**Data entries**.
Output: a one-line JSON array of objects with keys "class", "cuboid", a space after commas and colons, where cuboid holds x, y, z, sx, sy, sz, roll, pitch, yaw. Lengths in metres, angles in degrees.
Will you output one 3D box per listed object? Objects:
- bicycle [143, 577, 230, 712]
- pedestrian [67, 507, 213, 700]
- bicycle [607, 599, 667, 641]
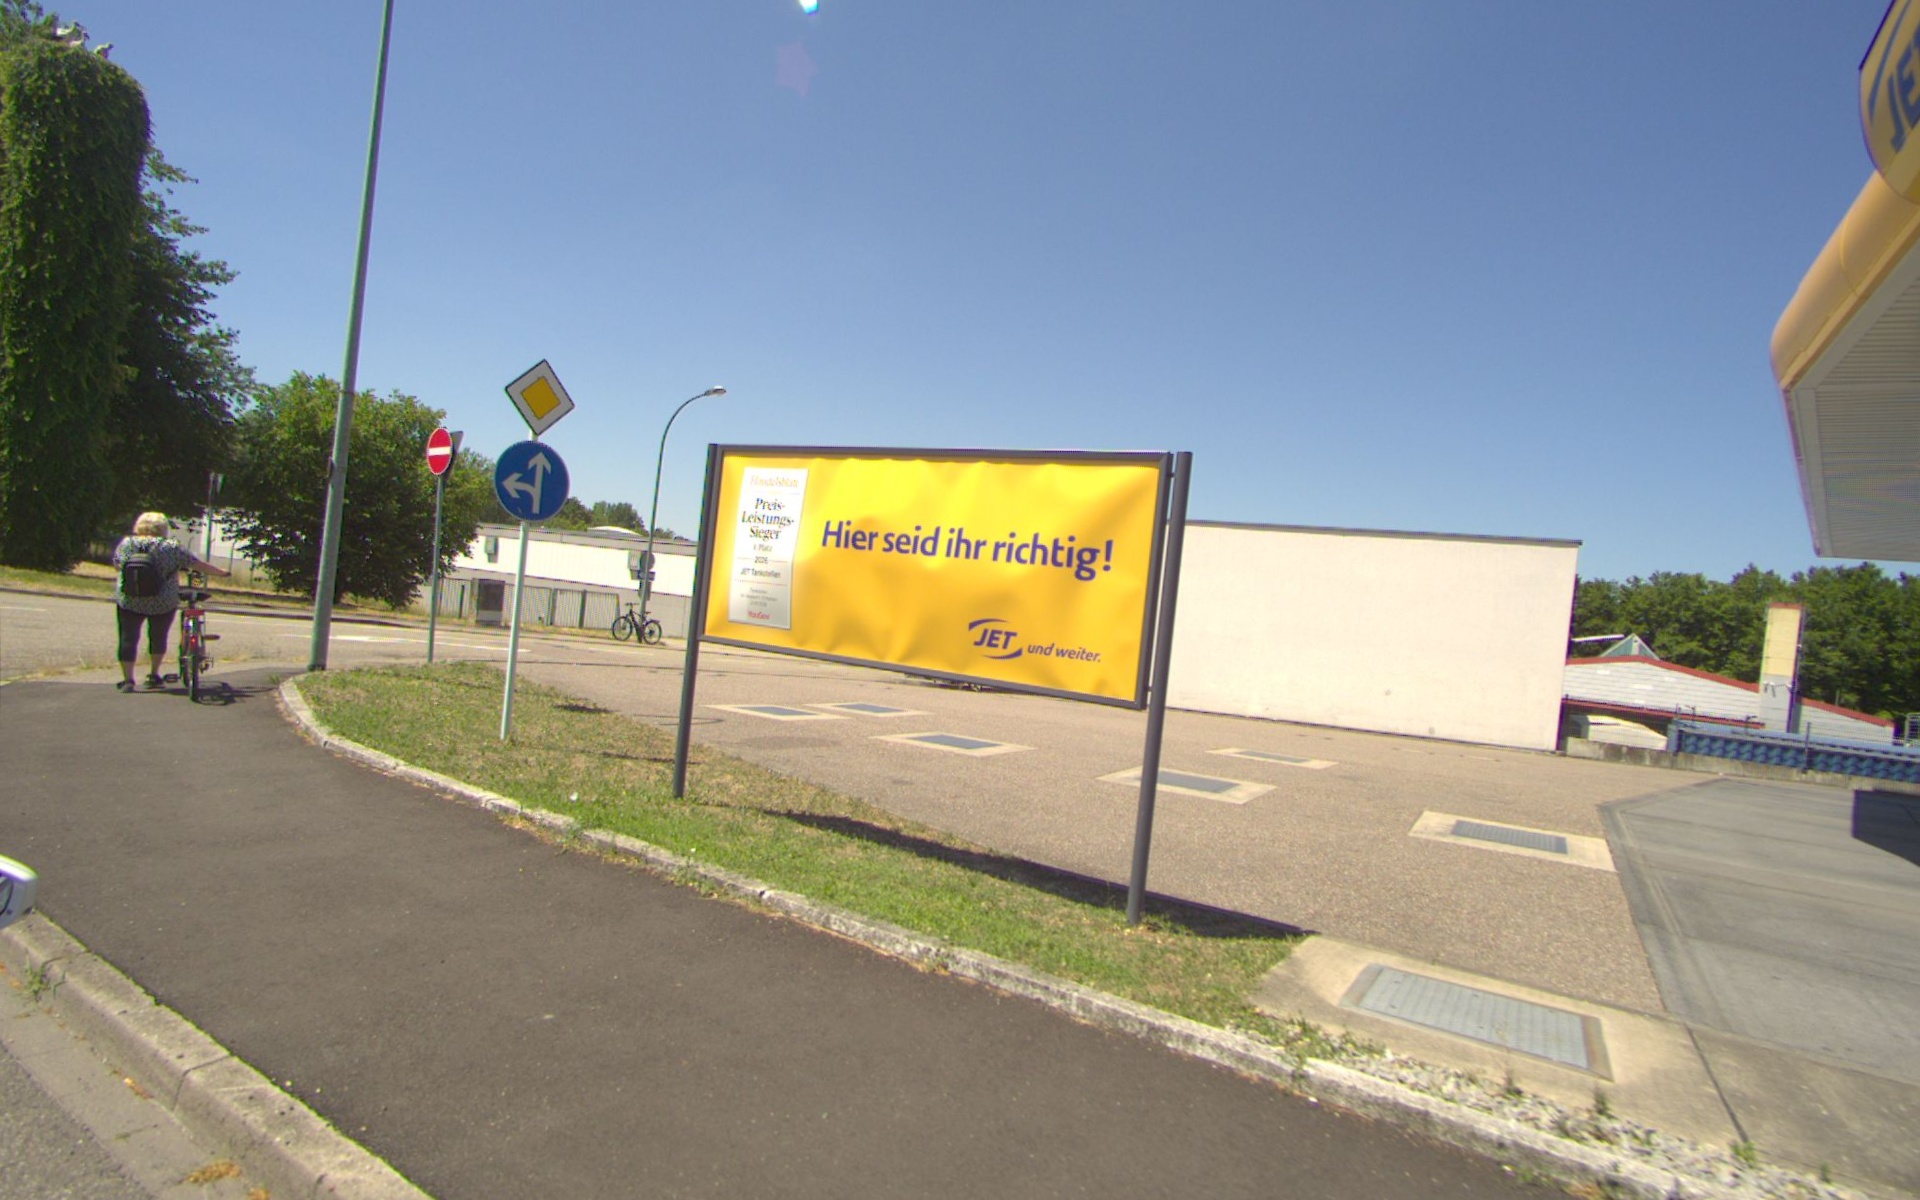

**Task statement**.
Find the line that contains "Will you output" and repeat it, along with every line after it to the end of the data, exactly; drop the pictures.

**Exercise output**.
Will you output one 3D box per listed object? Objects:
- bicycle [143, 577, 230, 712]
- pedestrian [67, 507, 213, 700]
- bicycle [607, 599, 667, 641]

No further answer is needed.